Ein aktuelles Beispiel aus der Molekulardiagnostik

Parallel wurde der kommerzielle Start des „Insight DPYD“-Assays von Yourgene Health bekannt gegeben. Der Test ist nach der europäischen In-vitro-Diagnostika-Verordnung zertifiziert und verwendet ein ARMS-basiertes PCR-Verfahren. Nach Angaben von News-Medical weist der Assay 19 klinisch relevante Genvarianten in der klinischen Labormedizin nach.

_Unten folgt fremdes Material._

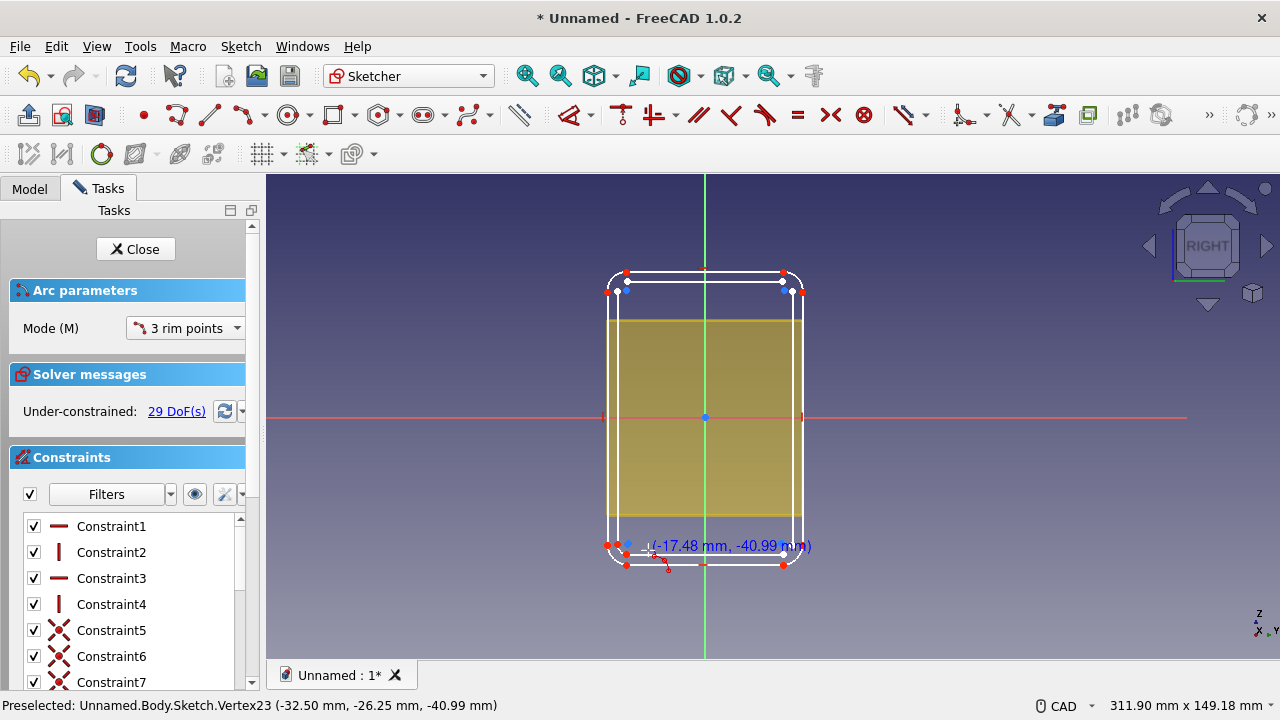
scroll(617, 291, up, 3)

Der DPYD-Assay ist damit ein konkretes Beispiel für ein molekulardiagnostisches Produkt im IVDR-Kontext. Aus den verfügbaren Angaben geht jedoch nicht hervor, dass seine Zertifizierung unmittelbar auf MDCG 2020-16 rev.5 beruht. Ebenso liegen keine Angaben zu Sensitivität, Spezifität, Nachweisgrenze, Ct-Wert-Verteilung oder Konfidenzintervallen vor.

Für die österreichische Labordiagnostik bleibt deshalb entscheidend, welche Klassifizierung für das jeweils eingesetzte Produkt dokumentiert ist und wie diese mit der neuen Leitlinie begründet wird. Die Veröffentlichung schafft einen aktualisierten Referenzrahmen. Eine belastbare Bewertung der analytischen oder klinischen Aussagekraft einzelner Tests erfordert weiterhin produktspezifische Leistungsdaten.